[Excerpts from a dataset]
★ ★ ★ ★
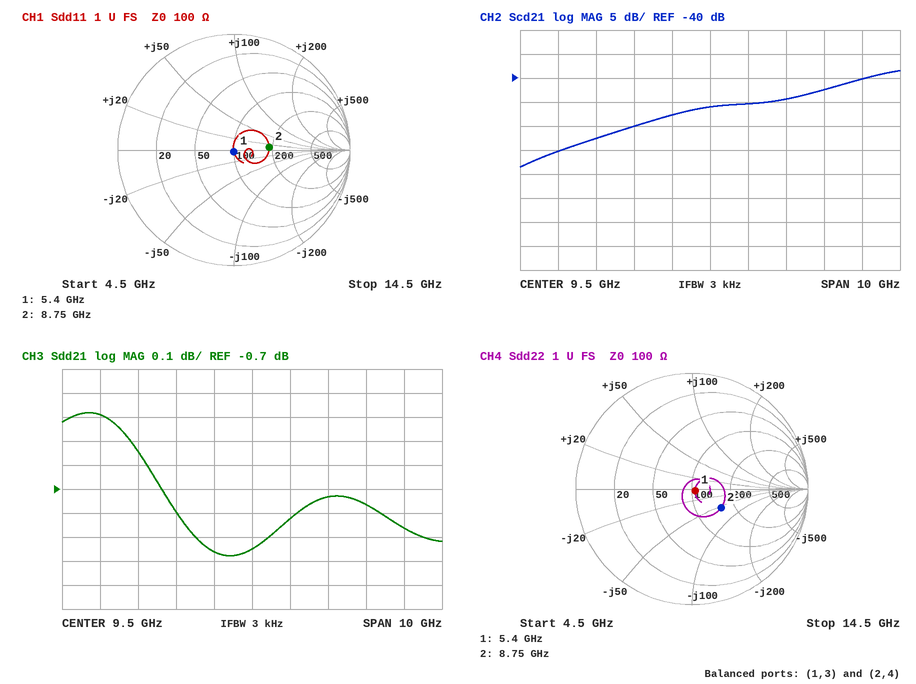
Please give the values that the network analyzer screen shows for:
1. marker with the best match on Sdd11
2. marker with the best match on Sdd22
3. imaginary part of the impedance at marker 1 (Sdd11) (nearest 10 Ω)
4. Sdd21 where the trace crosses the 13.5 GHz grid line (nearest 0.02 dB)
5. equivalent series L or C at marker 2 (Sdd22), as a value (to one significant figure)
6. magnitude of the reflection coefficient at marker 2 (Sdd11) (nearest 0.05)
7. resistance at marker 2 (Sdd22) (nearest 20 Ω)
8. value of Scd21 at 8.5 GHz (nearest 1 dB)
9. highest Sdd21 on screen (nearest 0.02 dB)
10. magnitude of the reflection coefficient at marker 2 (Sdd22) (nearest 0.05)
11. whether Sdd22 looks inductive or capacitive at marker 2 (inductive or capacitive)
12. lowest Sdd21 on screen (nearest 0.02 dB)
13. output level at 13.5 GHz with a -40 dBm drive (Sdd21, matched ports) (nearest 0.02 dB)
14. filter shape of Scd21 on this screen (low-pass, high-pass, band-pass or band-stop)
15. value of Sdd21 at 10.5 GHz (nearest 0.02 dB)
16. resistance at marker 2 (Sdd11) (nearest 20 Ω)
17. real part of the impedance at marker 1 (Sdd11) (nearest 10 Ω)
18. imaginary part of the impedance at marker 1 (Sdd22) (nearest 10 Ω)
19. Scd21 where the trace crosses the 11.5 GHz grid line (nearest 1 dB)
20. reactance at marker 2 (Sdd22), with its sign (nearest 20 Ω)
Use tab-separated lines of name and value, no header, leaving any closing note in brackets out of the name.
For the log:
★ ★ ★ ★
--- Exercise instructions ---
Find the lines that mention "coefficient" in the entries and show them.

--- Answer ---
6. magnitude of the reflection coefficient at marker 2 (Sdd11) (nearest 0.05)
10. magnitude of the reflection coefficient at marker 2 (Sdd22) (nearest 0.05)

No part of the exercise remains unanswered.